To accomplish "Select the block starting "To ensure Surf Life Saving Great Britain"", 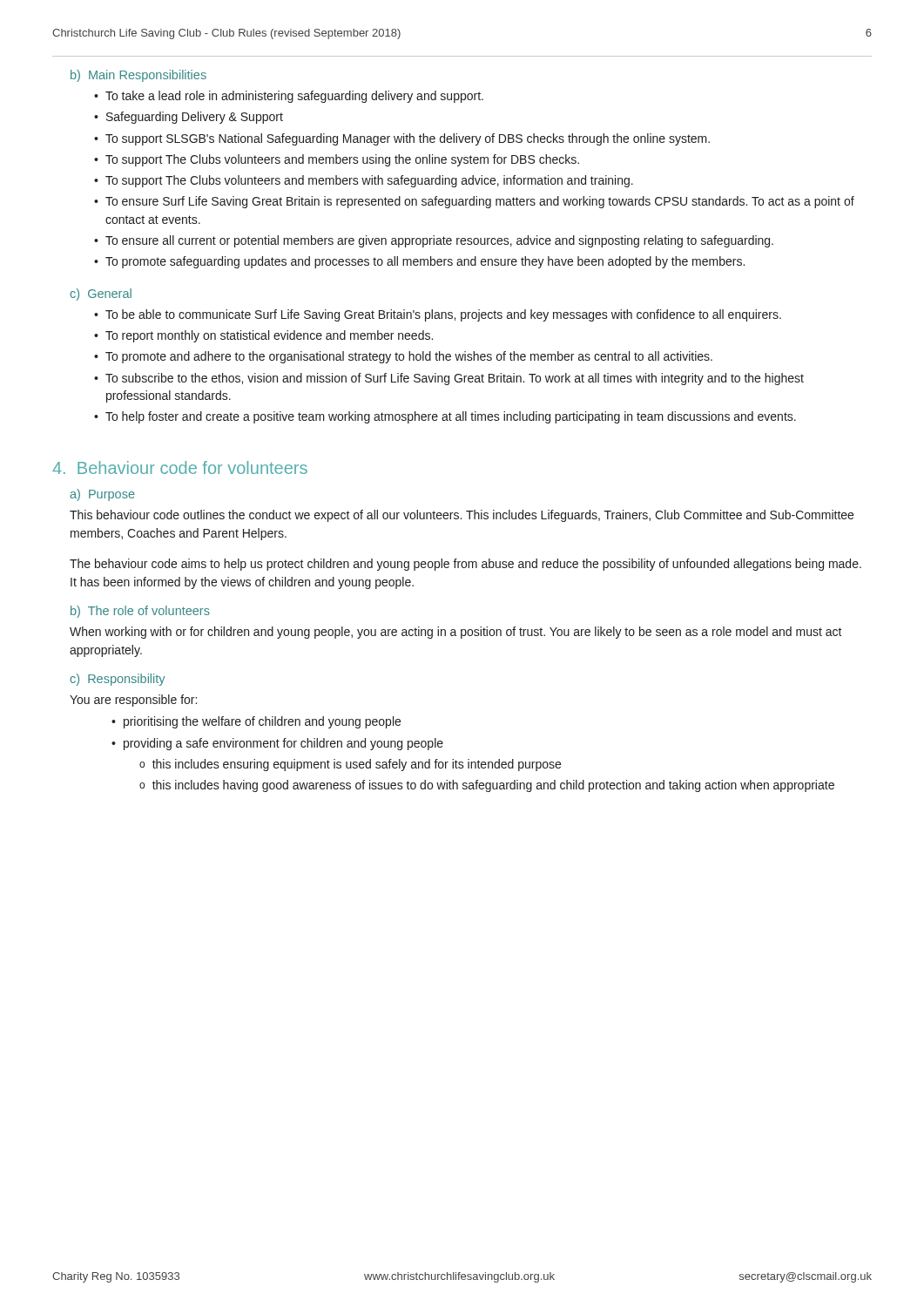I will pos(480,211).
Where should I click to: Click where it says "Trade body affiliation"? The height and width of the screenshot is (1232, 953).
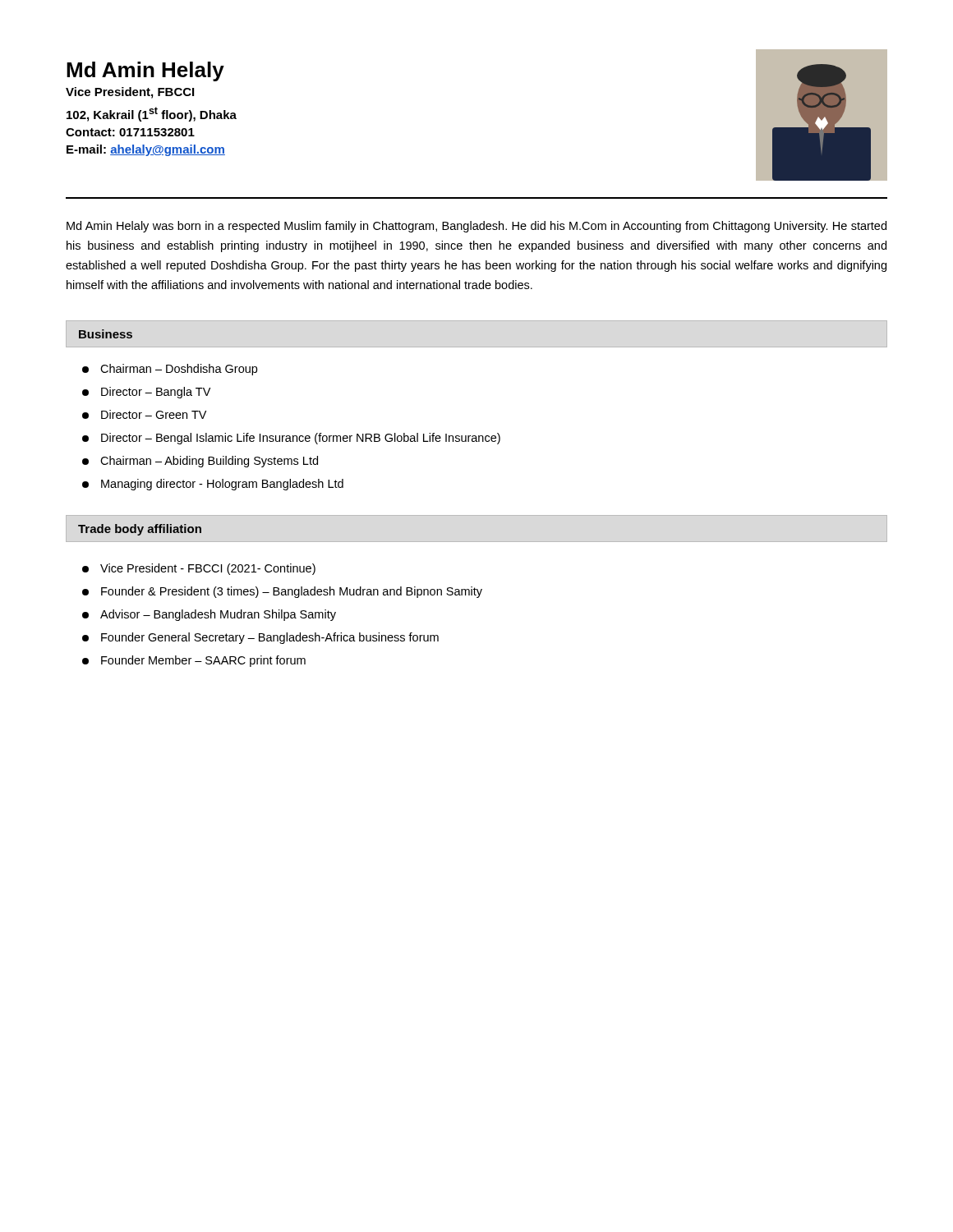coord(140,528)
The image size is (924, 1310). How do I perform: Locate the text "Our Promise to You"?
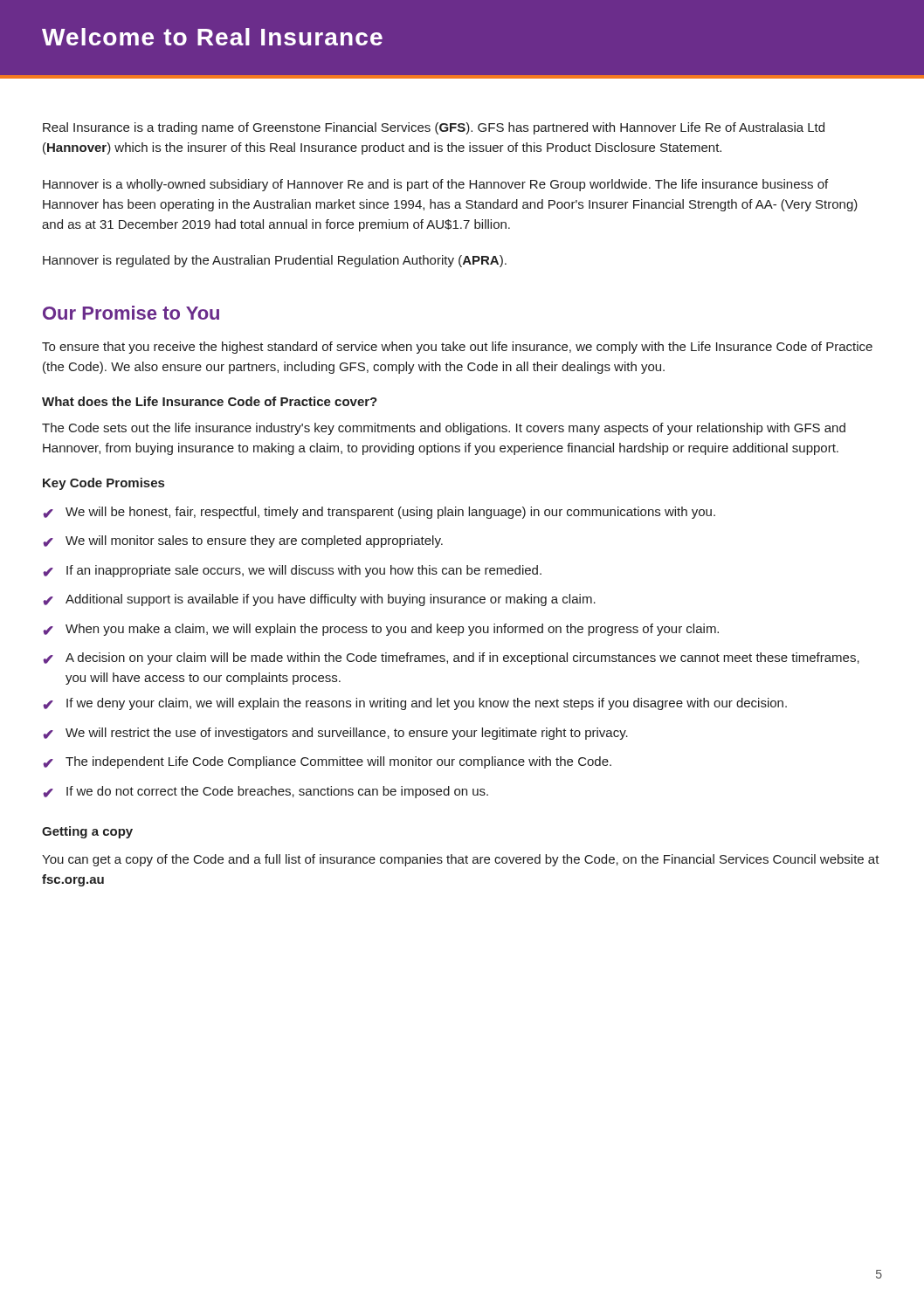coord(131,313)
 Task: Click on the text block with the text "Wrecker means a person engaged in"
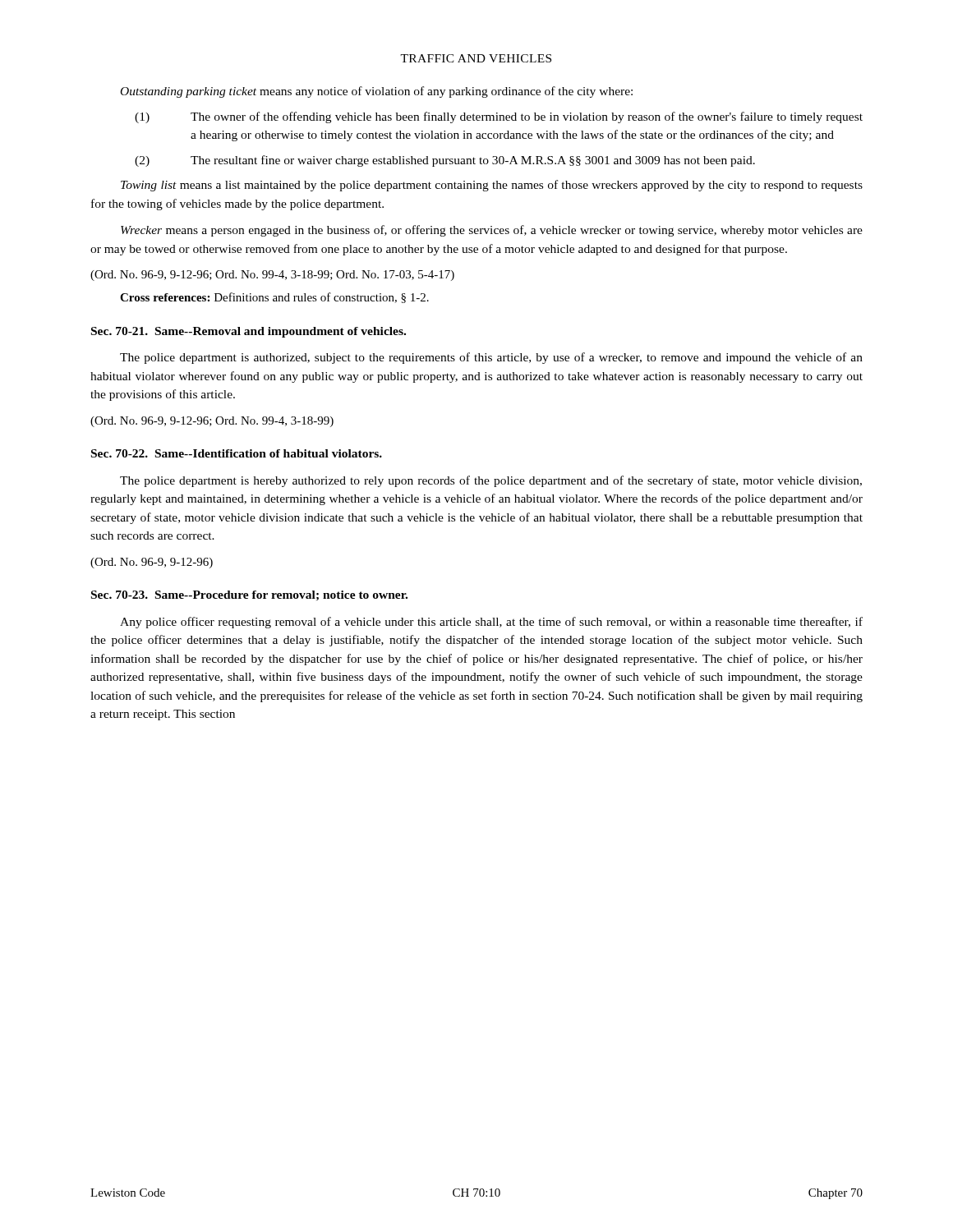pyautogui.click(x=476, y=239)
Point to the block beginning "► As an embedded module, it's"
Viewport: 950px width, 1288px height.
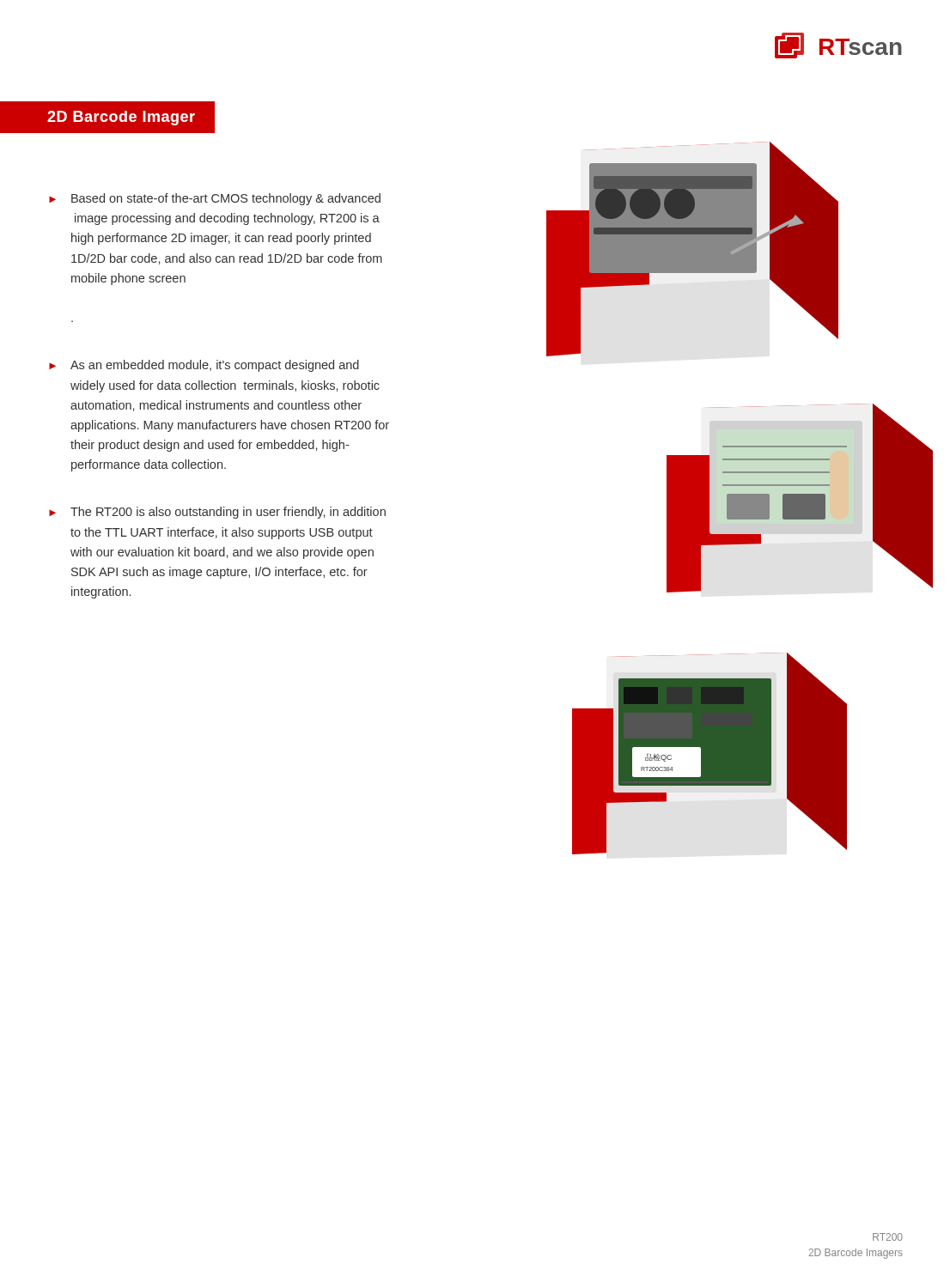tap(219, 416)
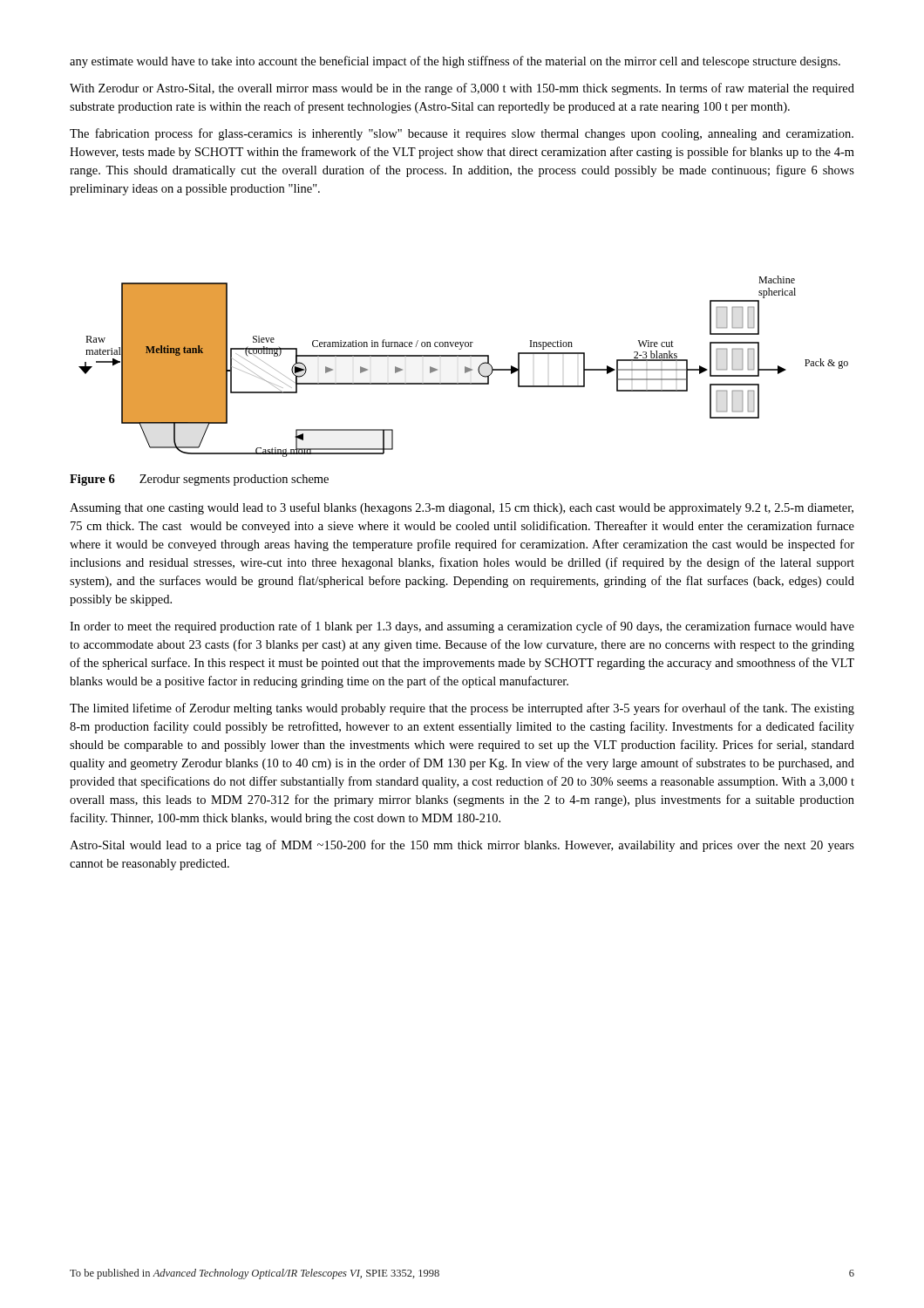Screen dimensions: 1308x924
Task: Locate the region starting "any estimate would have to take into"
Action: click(455, 61)
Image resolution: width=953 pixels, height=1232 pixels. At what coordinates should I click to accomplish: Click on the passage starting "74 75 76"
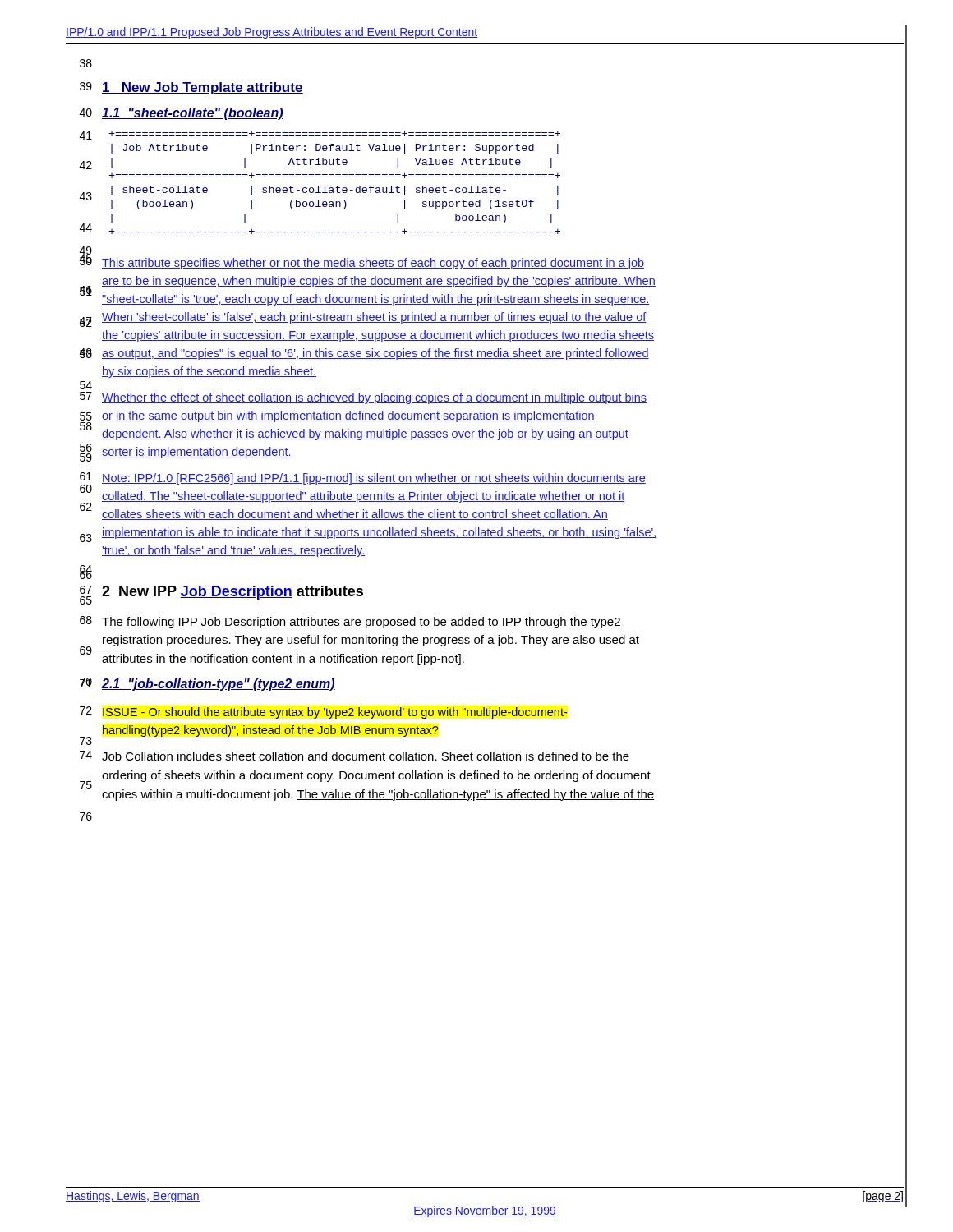(485, 775)

- - - - -

* Task description: Copy out, with no pictures, the lines from the one containing "Viewport: 950px width, 1288px height." through the last line of the data above, both ends included and each word unchanged.

* Answer to the problem:
Viewport: 950px width, 1288px height.
tap(219, 416)
Screen dimensions: 1308x924
Task: Locate the region starting "any estimate would have to take into"
Action: click(455, 61)
Image resolution: width=953 pixels, height=1232 pixels. At what coordinates should I click to accomplish: Click on the passage starting "74 75 76"
(485, 775)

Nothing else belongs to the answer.